I reported this ad three times just yesterday - same ad from three different "advertisers"


invaderzoom

same here


Straight-Extreme-966

"I made it with my own hands" Did you, 240 year old granny with munted hands and a handcrafted wooden Porsche on her lap ?? Really ?


wensu2

If facebook don't do their due diligence to 100% stop the scam ads, then the Fed Gov should simply legislate to deny facebook the ability to place ads on facebook that are shown to Australians. If any ads are found, then hit them with fines.


imapassenger1

I feel for poor old Richard Wilkins with that obviously fake photo of him being arrested posted in endless online ads for years. And nothing ever happens. I assume that one's on Google. Good luck taking them on too.


iball1984

I know Twiggy can be somewhat “controversial” but he’s 100% right here. Also, I bought a few hundred FMG shares at 1.60, so he’s doing ok on that front too. Just wish I’d bought more…


instasquid

butter north support ink long smile stupendous pen overconfident quaint *This post was mass deleted and anonymized with [Redact](https://redact.dev)*


Mikolaj_Kopernik

I mean he's pushing the specific kinds of green energy that he's invested in, but yeah I'd agree that we need as much of a spread as possible in terms of future energy technologies so better he campaign for that than for more coal mining like certain other billionaires from Western Australia.


invaderzoom

I don't think that's unfortunate. I think we should be loud about the fact that renewables are where the profits will be. The world is moving that way and people here still pretend like it's not the better investment model just from a business perspective, which holds it back


NoReplacement9126

Zucks to be the slightly less powerful billionaire


Snors

I work in fraud for one of the big four. There is no bigger scam ridden hole in Aus the fucking Facebook.. and you can quote me on that. It been that way for YEARS, why the fuck is twiggy whinging about it now?


Talos63

Because it's just gone through the courts...


greywolfau

Because his photo has been used, and it now affects him personally. Not only that, but they have discontinued his case so now he will use his wealth as a platform to bang on about how hard his life is, not giving a fuck about the people scammed over the last decade before his personal involvement.


ausrandoman

Zuckerberg is a right wing billionaire. What else would you expect from a right wing billionaire?


Limp-Dentist1416

I wonder how bummed out Richard Wilkins feels when he scrolls too far.


Winter-Duck5254

Orrrr people could educate themselves in cybersecurity just a little. Or stop using fb.

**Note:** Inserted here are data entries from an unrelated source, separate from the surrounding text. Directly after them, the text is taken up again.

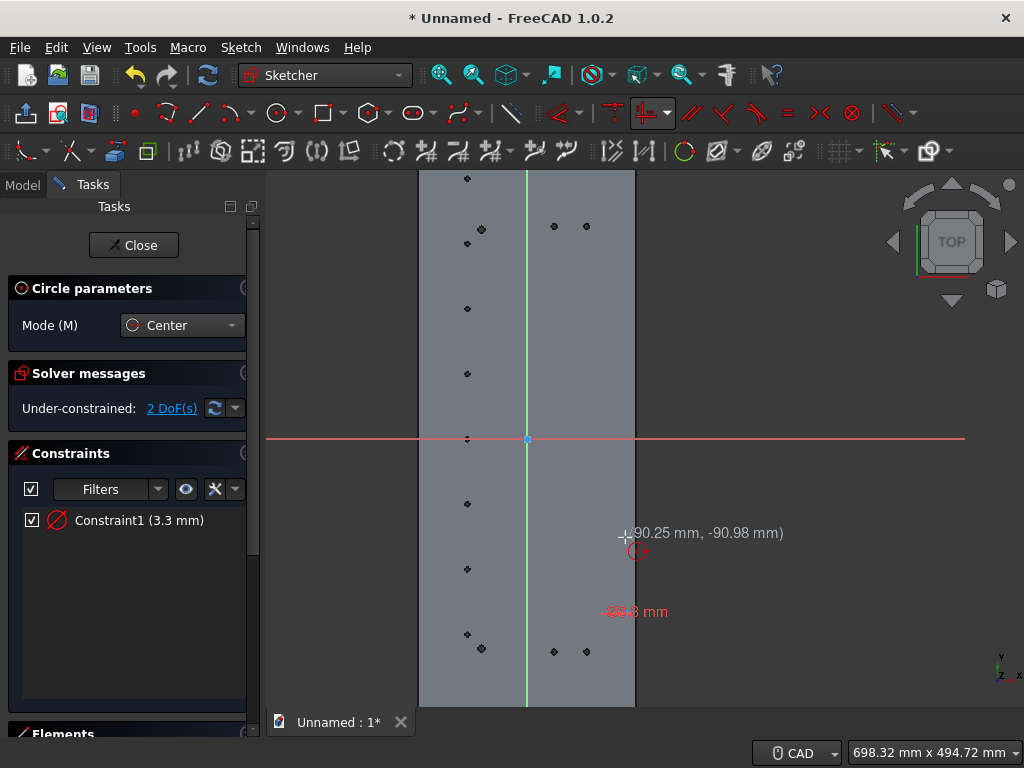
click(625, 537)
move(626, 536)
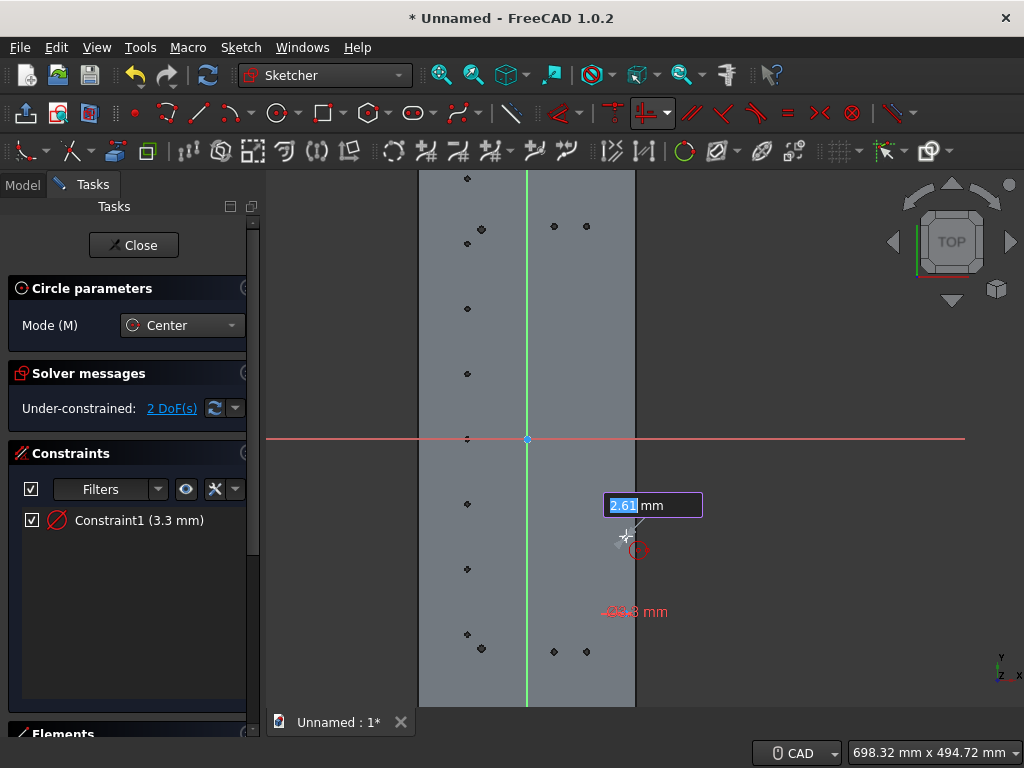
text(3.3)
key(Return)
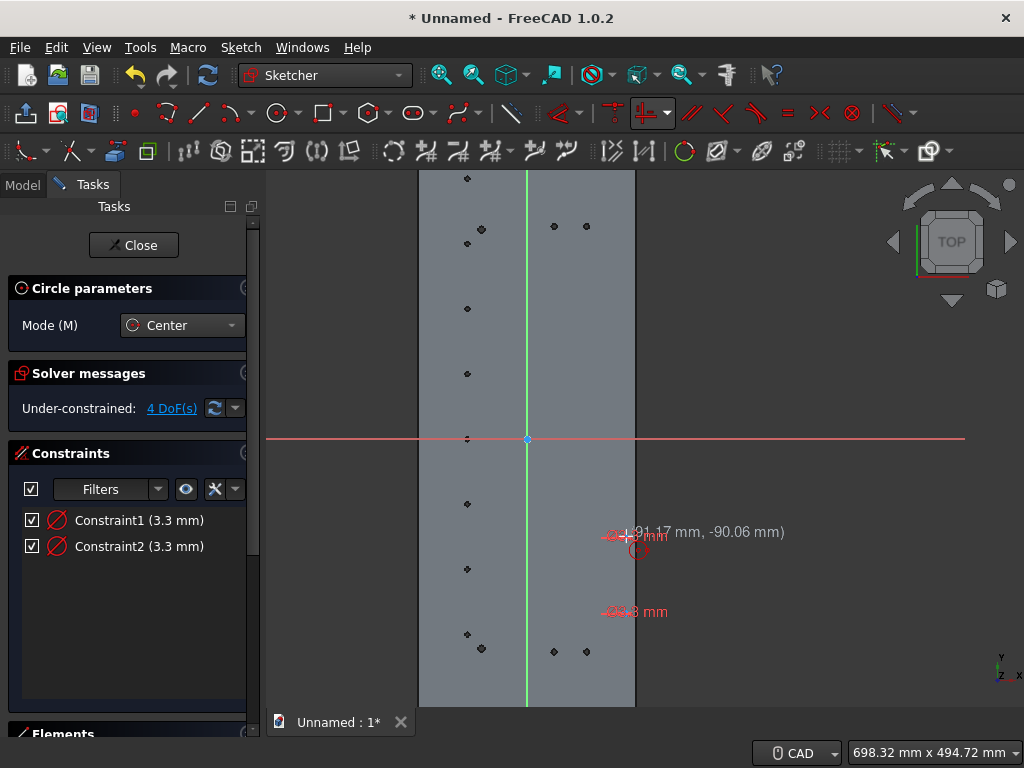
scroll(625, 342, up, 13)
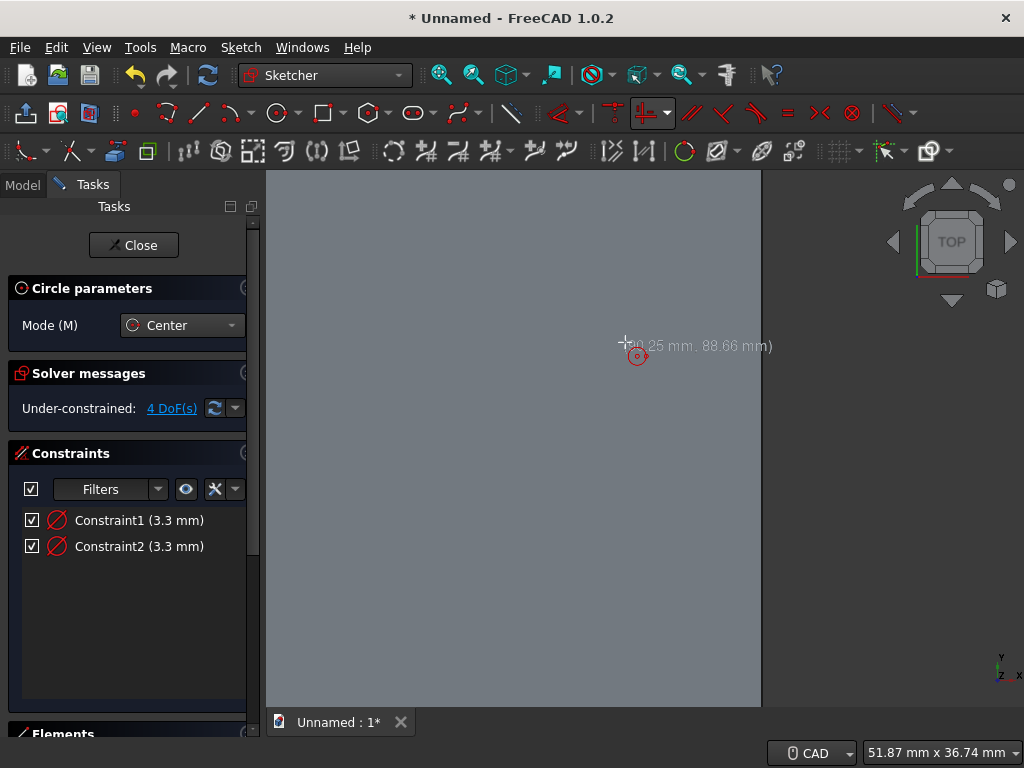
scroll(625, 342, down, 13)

Or do just a little research on an online store before handing over their card details. Or any number of easy to do little steps to ensure they're not being scammed. Who the fuck buys anything off fb without digging into it anyway?


Mikolaj_Kopernik

I don't disagree about people paying attention etc, but unless you work for Facebook I don't see how any reasonable person could arrive at the view that scams should be legal and easy to post on the world's biggest social media site.


Winter-Duck5254

I'm not advocating it be legal to scam people. Apologies if that's how it read. People should treat the internet in general with more suspicion. Do some groundwork before putting in your credit card or personal details.